Barca con el nombre de la Isla Robinson Crusoe. JeremyRichards / Shutterstock.com
Barca con el nombre de la Isla Robinson Crusoe.
JeremyRichards / Shutterstock.com

Pero la verdadera inspiración fue la historia del escocés Alexander Selkirk, quien naufragó en 1705 en una isla que hoy lleva su nombre y que también forma parte del archipiélago Juan Fernández, junto con el islote Santa Clara y otras islas menores. Sin embargo, la que tiene mayor fama es la de Robinson Crusoe por el reconocimiento de la novela literaria cuyo tema es inagotable. Tanto que este mismo año, tres siglos después de su publicación, se estrenará una película de animación sobre el náufrago más famoso de todos los tiempos, historia que ya fue llevada al cine por Luis Buñuel en 1954 y otra protagonizada por Pierce Brosnan en 1997.

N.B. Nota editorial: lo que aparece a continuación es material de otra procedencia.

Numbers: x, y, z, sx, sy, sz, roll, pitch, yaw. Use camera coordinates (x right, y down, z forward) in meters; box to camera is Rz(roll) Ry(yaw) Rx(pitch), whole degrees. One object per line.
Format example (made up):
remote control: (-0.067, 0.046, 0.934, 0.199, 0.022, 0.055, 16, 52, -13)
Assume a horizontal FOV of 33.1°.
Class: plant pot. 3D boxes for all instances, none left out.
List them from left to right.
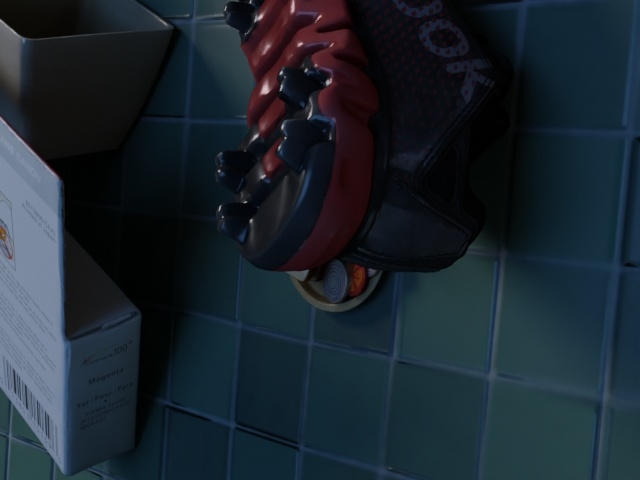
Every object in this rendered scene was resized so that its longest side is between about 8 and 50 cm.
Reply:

Manjar del mar a un tiro de red

Qué más quisiera Tom Hanks en su película ‘Náufrago’ (2000) que haberse topado con la mayor delicia que ofrece esta isla: sus langostas. No sólo no habría adelgazado tanto, sino que a su balón en vez de Wilson lo habría llamado Juan Fernández, precisamente el nombre que reciben estos crustáceos (‘Janus frotalis’). Viven en los fondos rocosos, entre los dos y los casi 300 metros de profundidad y son un manjar que degustarás durante tu estancia, así como si tienes la oportunidad de salir a faenar con un pescador local, conseguirlas tu mismo y prepararlas sin salir del bote en alta mar o en cualquier restaurante de la zona. No son unas langostas cualquiera, están solicitadas por buena parte del planeta en sus mercados y restaurantes. Su pesca, venta y explotación es la base de la economía de la isla.

Langostas de Juan Fernández / Germán Recabarren Bordones
Langostas de Juan Fernández / Germán Recabarren Bordones

Especies endémicas vigiladas con lupa

Ni mapas, ni baúles enterrados con monedas de oro. El mayor tesoro de esta isla de cuento son sus especies, muchas de ellas en peligro de extinción como el pájaro picaflor rojo, el lobo marino y algunas especies de col y helechos. Todas protegidas por riesgo de desaparición y estudiadas por la comunidad científica internacional. Es por eso que el área de Juan Fernández forma parte de uno de los parques naturales chilenos declarados por la UNESCO Reserva de la biosfera. Aquí se mira pero no se toca.